Charles Krauthammer repeats an exchange in a May 13 hearing of the House Judiciary Committee, in which a latter-day Basil Fawlty the U.S. Attorney General sat for questioning:

Rep. Lamar Smith (R-Tex.): Do you feel that these individuals might have been incited to take the actions that they did because of radical Islam?
Attorney General Eric Holder: There are a variety of reasons why I think people have taken these actions. . . .
Smith: Okay, but radical Islam could have been one of the reasons?
Holder There are a variety of reasons why people —
Smith: But was radical Islam one of them?
Holder: There are a variety of reasons why people do these things. Some of them are potentially religious-based.

Krauthammer says this went on for a bit longer, until Smith gave up in exasperation. Krauthammer goes on to talk about how insane we are for falling all over ourselves to avoid talking about the elephant in the room: radical Islam.
Why is it so hard for people like Holder — and they are legion in our government, our military leadership and in our media — to discern between non-violent Muslims and those that interpret their religion in such a way as to justify radical action, including violence? To point out the bleeding obvious, for these terrorists, religion isn’t incidental to their violence, it is the main cause of it. We have trained ourselves out of seeing what is right in front of our noses because we fear being politically incorrect, bigoted or insensitive more than we fear for our lives, and the lives of the people these Islamic radicals hate. So we hide our eyes from the truth, because the implications of it challenge the illusions we’d prefer to have — and we demonize people who point out our folly, even if they are patriotic Muslims fighting back against Islamists, or ex-Muslims who have suffered mutilation at the hands of former co-religionists.

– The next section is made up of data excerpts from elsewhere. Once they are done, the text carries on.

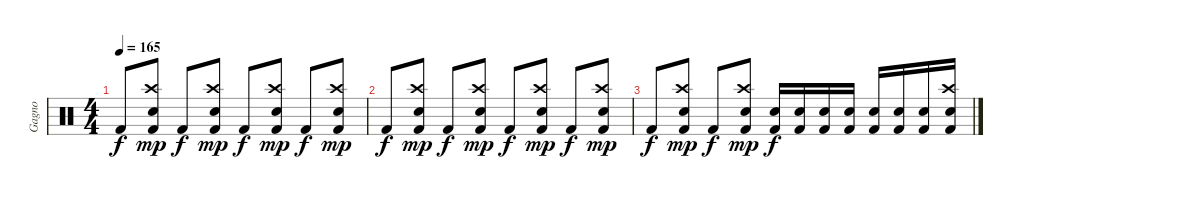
\track ("Gagno" "Gagno") {instrument percussion}
\staff {score}
\articulation defaults
\ts (4 4)
\tempo 165
\clef neutral
\ks c "Kick (hit) 2".8{dy f}
("Crash high (hit)" "Electric Snare (hit)" "Kick (hit) 2").8{dy mp} "Kick (hit) 2".8{dy f} ("Crash high (hit)" "Electric Snare (hit)" "Kick (hit) 2").8{dy mp} "Kick (hit) 2".8{dy f} ("Crash high (hit)" "Electric Snare (hit)" "Kick (hit) 2").8{dy mp} "Kick (hit) 2".8{dy f} ("Crash high (hit)" "Electric Snare (hit)" "Kick (hit) 2").8{dy mp} |
"Kick (hit) 2".8{dy f} ("Crash high (hit)" "Electric Snare (hit)" "Kick (hit) 2").8{dy mp} "Kick (hit) 2".8{dy f} ("Crash high (hit)" "Electric Snare (hit)" "Kick (hit) 2").8{dy mp} "Kick (hit) 2".8{dy f} ("Crash high (hit)" "Electric Snare (hit)" "Kick (hit) 2").8{dy mp} "Kick (hit) 2".8{dy f} ("Crash high (hit)" "Electric Snare (hit)" "Kick (hit) 2").8{dy mp} |
"Kick (hit) 2".8{dy f} ("Crash high (hit)" "Electric Snare (hit)" "Kick (hit) 2").8{dy mp} "Kick (hit) 2".8{dy f} ("Crash high (hit)" "Electric Snare (hit)" "Kick (hit) 2").8{dy mp} ("Electric Snare (hit)" "Kick (hit) 2").16{dy f} ("Electric Snare (hit)" "Kick (hit) 2").16 ("Electric Snare (hit)" "Kick (hit) 2").16 ("Electric Snare (hit)" "Kick (hit) 2").16 ("Electric Snare (hit)" "Kick (hit) 2").16 ("Electric Snare (hit)" "Kick (hit) 2").16 ("Electric Snare (hit)" "Kick (hit) 2").16 ("Crash high (hit)" "Electric Snare (hit)" "Kick (hit) 2").16

It’s not just the current administration. The previous one was about as bad. At the same time the Justice Dept was in Dallas prosecuting in court (successfully, as it turned out) a terrorist financing case in which it names the Islamic Society of North America as an unindicted co-conspirator (because of its Muslim Brotherhood connections), it was at the ISNA conference in Chicago trying to partner up with the group. And as we’ve subsequently learned about Maj. Hasan, the Fort Hood shooter, he was sending lots of plain signals about his Islamic radicalism, but Army officers refused to take them seriously as a sign that something was really wrong with this guy.
How on earth are we supposed to combat the enemy if we refuse to understand its nature? By what crackpot theory is identifying violent Islamists and Salafists tantamount to demeaning all Muslims? I don’t think ordinary people are fooled by this p.c. nonsense. They know that they’re being lied to. The problem is that because few if any in power — and I’m not talking about government exclusively, but also the media — ever trouble to explain the differences among Muslims and strands of Islam, and identify the troublemakers — the public wrongly assumes that all Muslims are the same.
Religion is at the is at the very center of why Hamas does praiseworthy charitable work among poor Muslims in Palestine. It is also at the very center of why Hamas justifies murdering innocent Israelis and others. Read the Hamas charter if you doubt it. This makes perfect sense to the religious mind. They know who they are. We can’t fit that into our categories, so we deny it.
UPDATE: Please take five minutes of your time to watch this important Washington Post interview with Akbar Ahmed, former Pakistani ambassador to the U.S. and chairman of the Islamic studies department at American University. He and his academic team have completed a study of the American Muslim community, and he says it’s absolutely vital to understand the theological differences among them. Regarding homegrown terrorism, Ahmed says that “a new chapter has opened in American history, and [homegrown Islamic terrorism] is going to grow” unless we take a hard look at empirical reality, and develop strategies to deal with the “literalists” (as Ahmed calls the hardliners, versus “modernists” and “mystics”) among the Muslim community. Says Ahmed, “If we just sit back and say ‘Islam has been hijacked’ … we’ve not understood it.”